> Task prompt: Copy every line from the material below that holds "Heat".

> Records for processing:

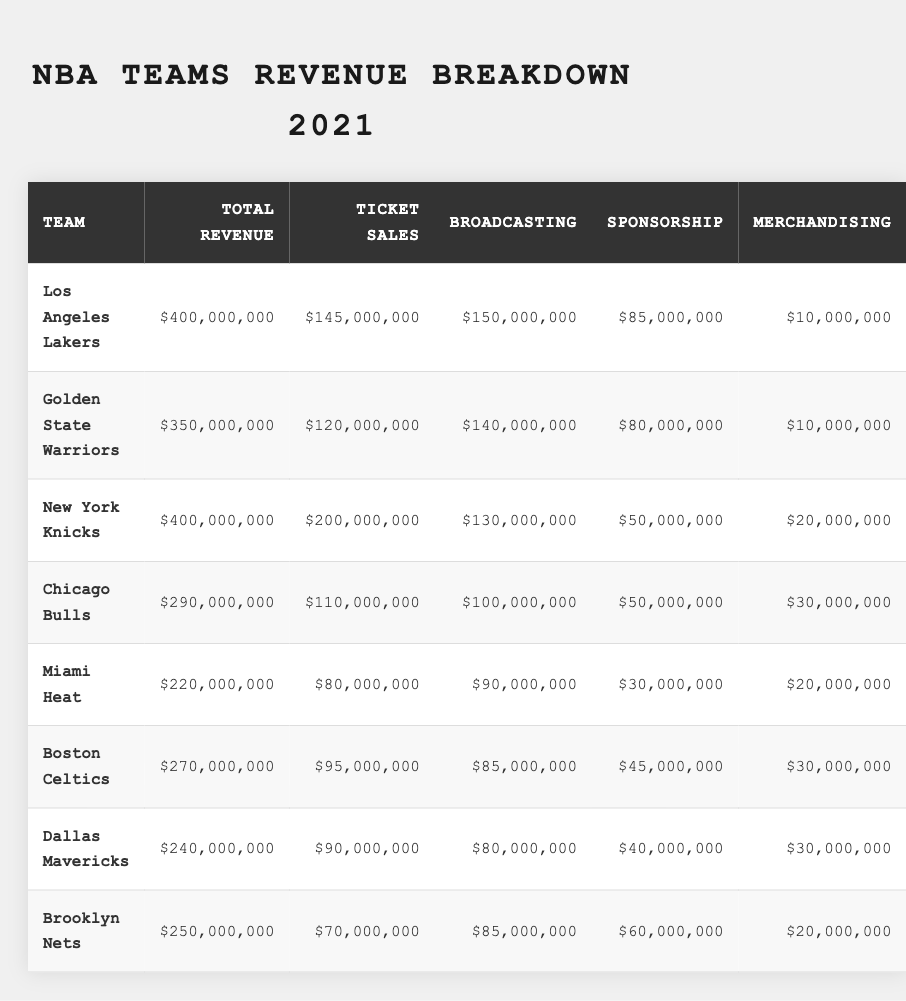What is the total revenue for the New York Knicks? The table shows the New York Knicks' total revenue listed as $400,000,000.
Answer: $400,000,000 Which team has the highest ticket sales? By looking at the ticket sales column, the New York Knicks have the highest ticket sales of $200,000,000.
Answer: New York Knicks How much revenue did the Miami Heat generate from broadcasting? The Miami Heat generated $90,000,000 from broadcasting as indicated in the table.
Answer: $90,000,000 What is the total revenue of the Chicago Bulls and the Dallas Mavericks combined? The total revenue for the Chicago Bulls is $290,000,000 and for the Dallas Mavericks is $240,000,000. Adding them gives $290,000,000 + $240,000,000 = $530,000,000.
Answer: $530,000,000 Is the total revenue for the Golden State Warriors greater than that of the Miami Heat? The Golden State Warriors' total revenue is $350,000,000, while the Miami Heat's is $220,000,000. Since $350,000,000 is greater than $220,000,000, the statement is true.
Answer: Yes What percentage of total revenue do the ticket sales represent for the Los Angeles Lakers? The Los Angeles Lakers' ticket sales are $145,000,000 out of total revenue of $400,000,000. To find the percentage: (145,000,000 / 400,000,000) * 100 = 36.25%.
Answer: 36.25% How much more revenue is generated from broadcasting by the Golden State Warriors compared to the Brooklyn Nets? The Golden State Warriors earn $140,000,000 from broadcasting, while the Brooklyn Nets earn $85,000,000. The difference is $140,000,000 - $85,000,000 = $55,000,000.
Answer: $55,000,000 If the Dallas Mavericks' merchandising revenue increased by $10,000,000, what would their total revenue be? The current total revenue of the Dallas Mavericks is $240,000,000. Adding the increased merchandising revenue: $240,000,000 + $10,000,000 = $250,000,000.
Answer: $250,000,000 What is the average total revenue of all the teams listed? To find the average, sum the total revenues: $400,000,000 + $350,000,000 + $400,000,000 + $290,000,000 + $220,000,000 + $270,000,000 + $240,000,000 + $250,000,000 = $2,420,000,000. There are 8 teams, so the average is $2,420,000,000 / 8 = $302,500,000.
Answer: $302,500,000 Which team has the greatest revenue from sponsorship? The table indicates that the Los Angeles Lakers have the greatest revenue from sponsorship with $85,000,000.
Answer: Los Angeles Lakers 
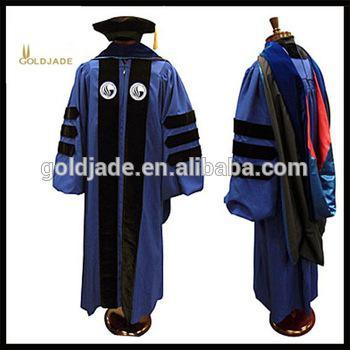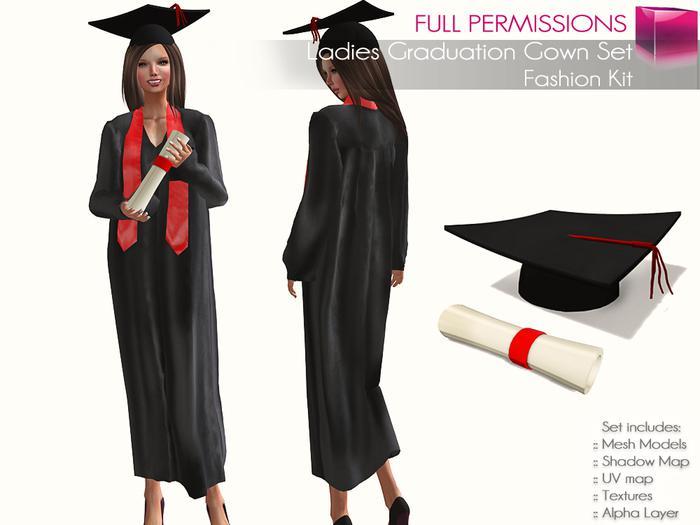The first image is the image on the left, the second image is the image on the right. Examine the images to the left and right. Is the description "There is a woman in the image on the right." accurate? Answer yes or no. Yes. 
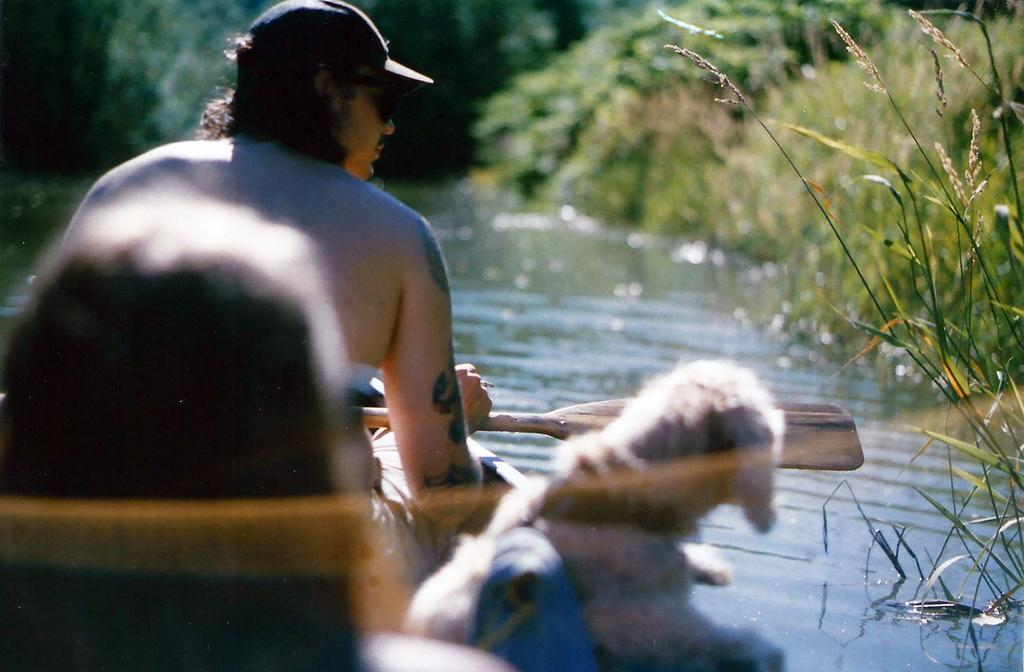What is the person in the image doing? There is a person in a boat in the image. Where is the boat located? The boat is sailing on a river. What can be seen in the background of the image? There are plants and trees in the background of the image. What type of noise can be heard coming from the airplane in the image? There is no airplane present in the image, so it is not possible to determine what, if any, noise might be heard. 
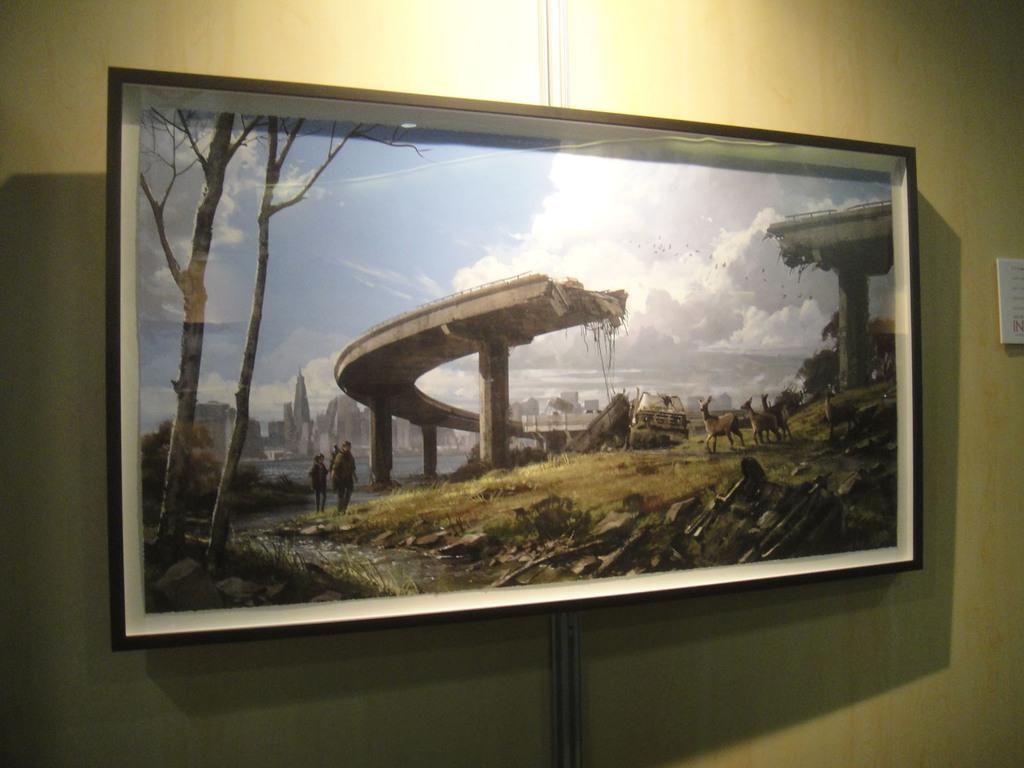Where was the image taken? The image was taken indoors. What can be seen in the background of the image? There is a wall in the background of the image. What is on the wall in the image? There is a picture frame on the wall. How many images are within the picture frame? There are multiple images within the picture frame. What type of box can be seen on the elbow of the person in the image? There is no person or elbow visible in the image, and therefore no box can be seen on an elbow.

> Answer section:
Answer: New York Knicks How much revenue did the Miami Heat generate from broadcasting? The Miami Heat generated $90,000,000 from broadcasting as indicated in the table.
Answer: $530,000,000 Is the total revenue for the Golden State Warriors greater than that of the Miami Heat? The Golden State Warriors' total revenue is $350,000,000, while the Miami Heat's is $220,000,000. Since $350,000,000 is greater than $220,000,000, the statement is true.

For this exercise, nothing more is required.